Can Anxiety Attack Symptoms Be Caused by Food Allergies?

by | Jun 7, 2013

Many doctors and nutritionists are finding that anxiety attack symptoms and some
types of depression are the result of food allergies. Correct the diet and the
person’s unwanted mental and emotional symptoms disappear.
This research flies in the teeth of psychiatric claims that only anti-depressant drugs can
address these anxiety attack or depression symptoms.
Anxiety attack symptoms, often called “Panic attacks” can cause someone to feel he’s going to die from lack of oxygen or that he’s having a heart attack. They can be frightening and
last up to 30 minutes. Common symptoms are:
. Pounding heartbeat
. Chest pains
. Shaking, trembling
. Dizziness, lightheadedness
. Difficulty breathing
. Flushes or chills
. Fear of losing control and
doing something embarrassing
. Fear of dying
Taking a variety of drugs doesn’t seem to help. One patient reported taking many different drugs prescribed by psychologists before getting addicted to Ativan. (This substance
is in the same drug class as Xanax – benzodiapines.) Ativan’s side effects
include depression or severe confusion and trouble breathing – not things one
would want to experience during an anxiety attack.
After going through rehab to get off the drug and a decade of searching, this patiient found a book called “The Missing Diagnosis” by Dr. Orion C Truss. She was able to trace the
source of her anxiety attack symptoms to disrupted neurotransmitters caused by
Candida overgrowth and sugar addiction. . By handling food allergens she found
total relief and has had no more panic attacks.
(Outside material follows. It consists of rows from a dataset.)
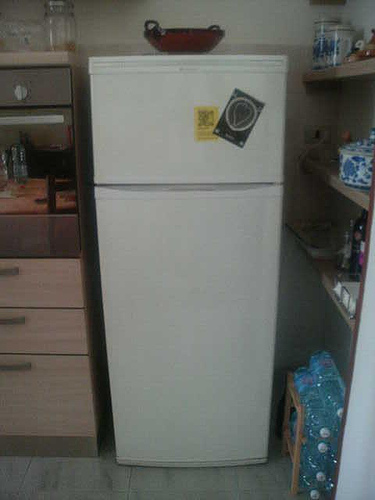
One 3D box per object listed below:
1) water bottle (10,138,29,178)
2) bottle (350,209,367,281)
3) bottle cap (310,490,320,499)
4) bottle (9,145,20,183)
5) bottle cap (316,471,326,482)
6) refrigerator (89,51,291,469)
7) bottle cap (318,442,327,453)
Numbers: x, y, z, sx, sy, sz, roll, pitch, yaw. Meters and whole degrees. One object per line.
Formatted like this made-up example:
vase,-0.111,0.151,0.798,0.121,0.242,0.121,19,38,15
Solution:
water bottle,-0.542,-0.299,1.427,0.050,0.122,0.028,-5,19,-10
bottle,0.502,-0.011,1.312,0.034,0.217,0.101,6,20,19
bottle cap,0.431,0.827,1.502,0.023,0.019,0.026,-4,-12,6
bottle,-0.560,-0.282,1.432,0.038,0.114,0.020,0,19,5
bottle cap,0.438,0.744,1.458,0.031,0.022,0.032,11,-20,-7
refrigerator,0.005,0.045,1.656,0.576,1.427,0.454,0,17,0
bottle cap,0.423,0.617,1.388,0.025,0.020,0.026,-1,-7,-2

Stephen Gislason MD believes knowledge once known by physicians has been lost. He writes that Dr. Water Alvarez, who worked at the Mayo Clinic and wrote medical articles for many years there, knew about allergies of the nervous system. He and his colleagues
knew that allergies were implicated in depression, anxiety, and a host of other
emotional problems.
The Mayo Clinic defines Anaphylaxis as “a severe, potentially life-threatening allergic reaction. It can occur within seconds or minutes of exposure to something you’re allergic to, such as a peanut or the venom from a bee sting.
The flood of chemicals released by your immune system during anaphylaxis can cause you to go into shock; your blood pressure drops suddenly and your airways narrow, blocking normal breathing.”
Today this medical condition will be labeled an anxiety attack symptom
or a panic attack and could land a person in the psychiatric department with a
drug prescription.
Types of “depression”, another psychiatric label, are definitely relieved when food allergies that cause the depression are located and handled.
Theron G. Randolph, M.D., and Ralph W. Moss, Ph.D have written a book called “An Alternative Approach to Allergies” Dr. Randolph states depression when accompanied with allergy symptoms may indeed be caused by the food allergy. He has worked with patients having various types of depression since the 1950’s and has seen cases who suffered from depression their whole life be totally cured of it once the allergens were found and removed from their diet and environment.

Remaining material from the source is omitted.